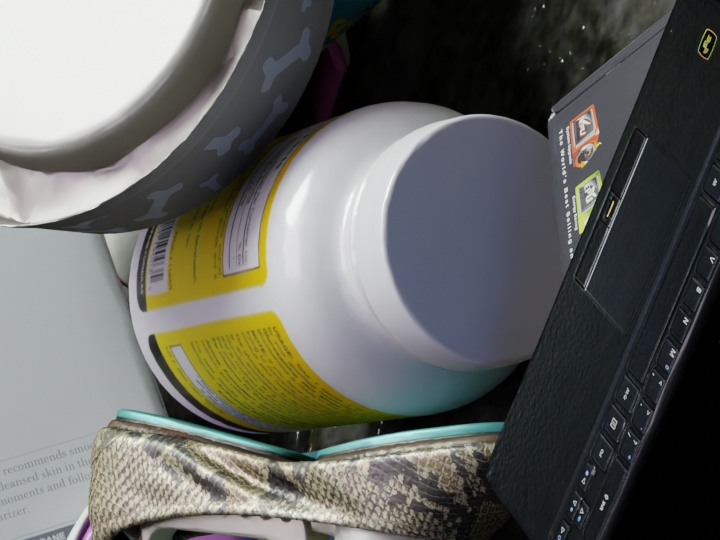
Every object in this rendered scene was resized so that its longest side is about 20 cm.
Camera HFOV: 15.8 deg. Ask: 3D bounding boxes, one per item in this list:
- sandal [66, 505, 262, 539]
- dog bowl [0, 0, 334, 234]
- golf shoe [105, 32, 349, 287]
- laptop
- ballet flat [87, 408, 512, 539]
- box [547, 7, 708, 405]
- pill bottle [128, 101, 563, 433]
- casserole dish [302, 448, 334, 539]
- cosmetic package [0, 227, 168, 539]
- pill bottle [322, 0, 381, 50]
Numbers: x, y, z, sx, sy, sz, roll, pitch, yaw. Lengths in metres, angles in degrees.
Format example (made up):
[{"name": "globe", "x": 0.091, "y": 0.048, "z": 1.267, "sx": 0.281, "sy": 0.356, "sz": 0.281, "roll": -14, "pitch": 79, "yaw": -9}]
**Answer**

==

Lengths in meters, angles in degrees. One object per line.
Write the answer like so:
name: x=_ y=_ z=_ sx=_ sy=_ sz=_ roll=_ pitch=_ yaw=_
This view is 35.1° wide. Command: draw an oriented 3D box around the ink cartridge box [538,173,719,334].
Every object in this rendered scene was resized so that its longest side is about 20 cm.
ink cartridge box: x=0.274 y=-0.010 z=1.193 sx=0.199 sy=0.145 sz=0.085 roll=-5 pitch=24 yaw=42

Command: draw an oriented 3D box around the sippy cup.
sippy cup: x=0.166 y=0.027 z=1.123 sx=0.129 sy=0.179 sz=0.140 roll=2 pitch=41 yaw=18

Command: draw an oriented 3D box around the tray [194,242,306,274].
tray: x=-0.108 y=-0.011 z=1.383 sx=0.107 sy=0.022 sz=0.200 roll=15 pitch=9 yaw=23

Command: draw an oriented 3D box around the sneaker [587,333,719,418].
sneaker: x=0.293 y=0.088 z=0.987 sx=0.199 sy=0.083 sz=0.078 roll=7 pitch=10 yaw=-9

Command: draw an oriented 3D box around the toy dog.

==

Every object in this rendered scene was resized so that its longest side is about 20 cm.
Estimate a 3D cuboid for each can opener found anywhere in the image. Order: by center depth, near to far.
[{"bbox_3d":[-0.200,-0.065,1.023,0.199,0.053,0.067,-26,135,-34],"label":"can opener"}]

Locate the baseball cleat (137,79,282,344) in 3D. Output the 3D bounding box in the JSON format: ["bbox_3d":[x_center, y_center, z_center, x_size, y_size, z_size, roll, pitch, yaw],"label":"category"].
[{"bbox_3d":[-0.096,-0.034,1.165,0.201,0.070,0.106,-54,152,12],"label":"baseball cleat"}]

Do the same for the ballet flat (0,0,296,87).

● **ACTIVITY**:
Begin at the line above that has "Command: draw an oriented 3D box around the sippy" and stop after the line that has "Command: draw an oriented 3D box around the toy", copying each line exactly and adding nothing else.

● **SOLUTION**:
Command: draw an oriented 3D box around the sippy cup.
sippy cup: x=0.166 y=0.027 z=1.123 sx=0.129 sy=0.179 sz=0.140 roll=2 pitch=41 yaw=18

Command: draw an oriented 3D box around the tray [194,242,306,274].
tray: x=-0.108 y=-0.011 z=1.383 sx=0.107 sy=0.022 sz=0.200 roll=15 pitch=9 yaw=23

Command: draw an oriented 3D box around the sneaker [587,333,719,418].
sneaker: x=0.293 y=0.088 z=0.987 sx=0.199 sy=0.083 sz=0.078 roll=7 pitch=10 yaw=-9

Command: draw an oriented 3D box around the toy dog.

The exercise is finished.